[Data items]
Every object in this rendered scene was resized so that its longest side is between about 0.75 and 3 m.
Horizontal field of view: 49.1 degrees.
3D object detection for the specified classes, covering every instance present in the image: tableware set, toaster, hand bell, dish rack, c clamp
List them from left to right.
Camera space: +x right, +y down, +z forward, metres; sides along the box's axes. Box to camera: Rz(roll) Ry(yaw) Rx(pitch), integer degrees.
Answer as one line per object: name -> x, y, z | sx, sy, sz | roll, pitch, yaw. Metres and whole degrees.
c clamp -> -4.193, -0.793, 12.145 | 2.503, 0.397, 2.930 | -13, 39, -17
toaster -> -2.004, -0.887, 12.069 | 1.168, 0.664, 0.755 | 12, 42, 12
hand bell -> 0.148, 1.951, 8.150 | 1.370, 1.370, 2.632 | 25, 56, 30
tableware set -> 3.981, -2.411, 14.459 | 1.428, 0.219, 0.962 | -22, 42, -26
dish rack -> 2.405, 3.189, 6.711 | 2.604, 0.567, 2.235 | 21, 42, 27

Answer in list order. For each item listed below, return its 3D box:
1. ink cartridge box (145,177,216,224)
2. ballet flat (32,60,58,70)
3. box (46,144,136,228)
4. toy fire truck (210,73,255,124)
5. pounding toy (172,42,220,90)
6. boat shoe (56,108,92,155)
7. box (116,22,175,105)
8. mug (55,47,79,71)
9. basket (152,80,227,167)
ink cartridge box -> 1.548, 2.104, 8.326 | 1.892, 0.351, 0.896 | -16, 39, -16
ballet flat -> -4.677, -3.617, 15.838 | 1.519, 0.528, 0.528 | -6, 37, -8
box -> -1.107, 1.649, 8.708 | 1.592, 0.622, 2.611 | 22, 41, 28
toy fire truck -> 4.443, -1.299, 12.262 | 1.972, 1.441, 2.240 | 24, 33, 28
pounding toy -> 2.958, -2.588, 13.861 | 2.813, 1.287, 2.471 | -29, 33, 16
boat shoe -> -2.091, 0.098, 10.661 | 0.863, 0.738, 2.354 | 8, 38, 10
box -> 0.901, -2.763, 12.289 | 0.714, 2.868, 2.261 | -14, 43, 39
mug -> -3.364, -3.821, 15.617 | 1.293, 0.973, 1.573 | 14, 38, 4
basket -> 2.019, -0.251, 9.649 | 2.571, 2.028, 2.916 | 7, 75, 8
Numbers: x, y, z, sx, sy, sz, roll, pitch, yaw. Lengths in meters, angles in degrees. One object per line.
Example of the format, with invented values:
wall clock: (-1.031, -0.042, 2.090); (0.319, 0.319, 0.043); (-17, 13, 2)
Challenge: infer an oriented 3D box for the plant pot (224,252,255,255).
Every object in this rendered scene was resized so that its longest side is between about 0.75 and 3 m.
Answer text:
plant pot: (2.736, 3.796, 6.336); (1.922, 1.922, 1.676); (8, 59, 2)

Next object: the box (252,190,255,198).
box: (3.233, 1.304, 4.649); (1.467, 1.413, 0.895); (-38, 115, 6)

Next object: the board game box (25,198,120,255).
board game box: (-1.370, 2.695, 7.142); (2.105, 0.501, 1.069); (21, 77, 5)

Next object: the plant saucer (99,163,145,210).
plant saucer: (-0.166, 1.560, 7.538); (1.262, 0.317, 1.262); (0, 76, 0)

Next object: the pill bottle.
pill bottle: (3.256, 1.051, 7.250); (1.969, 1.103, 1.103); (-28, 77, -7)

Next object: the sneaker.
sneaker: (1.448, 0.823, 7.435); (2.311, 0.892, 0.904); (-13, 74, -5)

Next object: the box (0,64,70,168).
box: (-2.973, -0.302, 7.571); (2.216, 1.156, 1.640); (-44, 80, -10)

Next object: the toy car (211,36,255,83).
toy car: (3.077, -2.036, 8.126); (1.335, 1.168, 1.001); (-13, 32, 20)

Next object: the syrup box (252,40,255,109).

What you will do |
From the start of the data to the line that holds "8. mug (55,47,79,71)", retype each line exactly, with both ends included.

Reply to the exercise |
Every object in this rendered scene was resized so that its longest side is between about 0.75 and 3 m.
Horizontal field of view: 49.1 degrees.
3D object detection for the specified classes, covering every instance present in the image: tableware set, toaster, hand bell, dish rack, c clamp
List them from left to right.
Camera space: +x right, +y down, +z forward, metres; sides along the box's axes. Box to camera: Rz(roll) Ry(yaw) Rx(pitch), integer degrees.
Answer as one line per object: name -> x, y, z | sx, sy, sz | roll, pitch, yaw. Metres and whole degrees.
c clamp -> -4.193, -0.793, 12.145 | 2.503, 0.397, 2.930 | -13, 39, -17
toaster -> -2.004, -0.887, 12.069 | 1.168, 0.664, 0.755 | 12, 42, 12
hand bell -> 0.148, 1.951, 8.150 | 1.370, 1.370, 2.632 | 25, 56, 30
tableware set -> 3.981, -2.411, 14.459 | 1.428, 0.219, 0.962 | -22, 42, -26
dish rack -> 2.405, 3.189, 6.711 | 2.604, 0.567, 2.235 | 21, 42, 27

Answer in list order. For each item listed below, return its 3D box:
1. ink cartridge box (145,177,216,224)
2. ballet flat (32,60,58,70)
3. box (46,144,136,228)
4. toy fire truck (210,73,255,124)
5. pounding toy (172,42,220,90)
6. boat shoe (56,108,92,155)
7. box (116,22,175,105)
8. mug (55,47,79,71)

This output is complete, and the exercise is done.